SOURCE DATA: Begin
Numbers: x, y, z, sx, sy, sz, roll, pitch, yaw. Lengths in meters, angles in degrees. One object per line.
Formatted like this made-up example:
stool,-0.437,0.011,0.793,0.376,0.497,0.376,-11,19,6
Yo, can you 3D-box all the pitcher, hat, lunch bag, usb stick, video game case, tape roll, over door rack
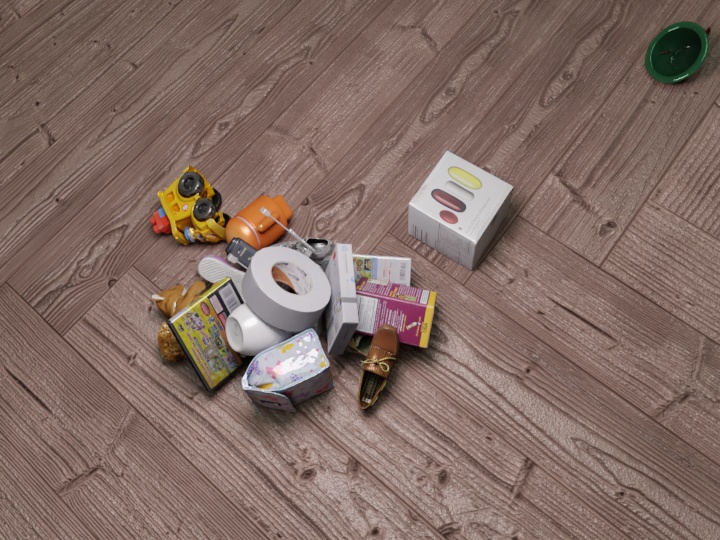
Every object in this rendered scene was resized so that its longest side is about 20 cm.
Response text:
pitcher,-0.223,0.118,1.633,0.197,0.125,0.169,-13,20,-41
hat,0.939,-0.606,2.021,0.199,0.174,0.169,-38,61,28
lunch bag,-0.166,0.245,1.603,0.196,0.171,0.129,-22,67,-9
usb stick,-0.245,-0.011,1.749,0.056,0.198,0.033,-52,24,4
video game case,-0.333,0.149,1.648,0.180,0.204,0.025,-39,28,-28
tape roll,-0.166,0.039,1.587,0.196,0.067,0.203,23,35,-17
over door rack,-0.214,-0.045,1.693,0.149,0.199,0.066,-54,39,-3
video game case,0.025,0.035,1.729,0.194,0.018,0.148,4,103,7

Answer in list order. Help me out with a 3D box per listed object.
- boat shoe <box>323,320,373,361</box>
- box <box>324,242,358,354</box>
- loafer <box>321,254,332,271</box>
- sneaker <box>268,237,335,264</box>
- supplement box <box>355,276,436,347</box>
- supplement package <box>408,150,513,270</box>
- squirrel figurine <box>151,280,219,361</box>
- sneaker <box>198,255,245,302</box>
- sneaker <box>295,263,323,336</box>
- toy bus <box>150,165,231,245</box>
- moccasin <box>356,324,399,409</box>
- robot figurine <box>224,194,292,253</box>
boat shoe,-0.001,0.165,1.681,0.197,0.074,0.076,30,69,18
box,-0.048,0.066,1.611,0.040,0.157,0.205,2,58,-16
loafer,0.000,0.000,1.778,0.195,0.073,0.064,19,46,6
sneaker,-0.155,-0.058,1.802,0.194,0.083,0.077,-7,62,1
supplement box,0.075,0.096,1.656,0.194,0.131,0.106,12,106,8
supplement package,0.250,-0.152,1.779,0.197,0.148,0.193,30,69,17
squirrel figurine,-0.432,0.117,1.712,0.182,0.143,0.203,15,62,19
sneaker,-0.317,0.023,1.783,0.199,0.114,0.073,39,91,-12
sneaker,-0.127,0.079,1.722,0.073,0.100,0.205,5,65,5
toy bus,-0.454,-0.140,1.852,0.190,0.136,0.202,-33,67,3
moccasin,0.035,0.218,1.591,0.072,0.078,0.205,25,108,5
robot figurine,-0.267,-0.112,1.812,0.142,0.119,0.199,28,55,33
SOURCE DATA: End
> **REQUIREMENT**: State the number of lines above that include the word "this", and write nothing besides that number.

> **EXPECTED ANSWER**: 2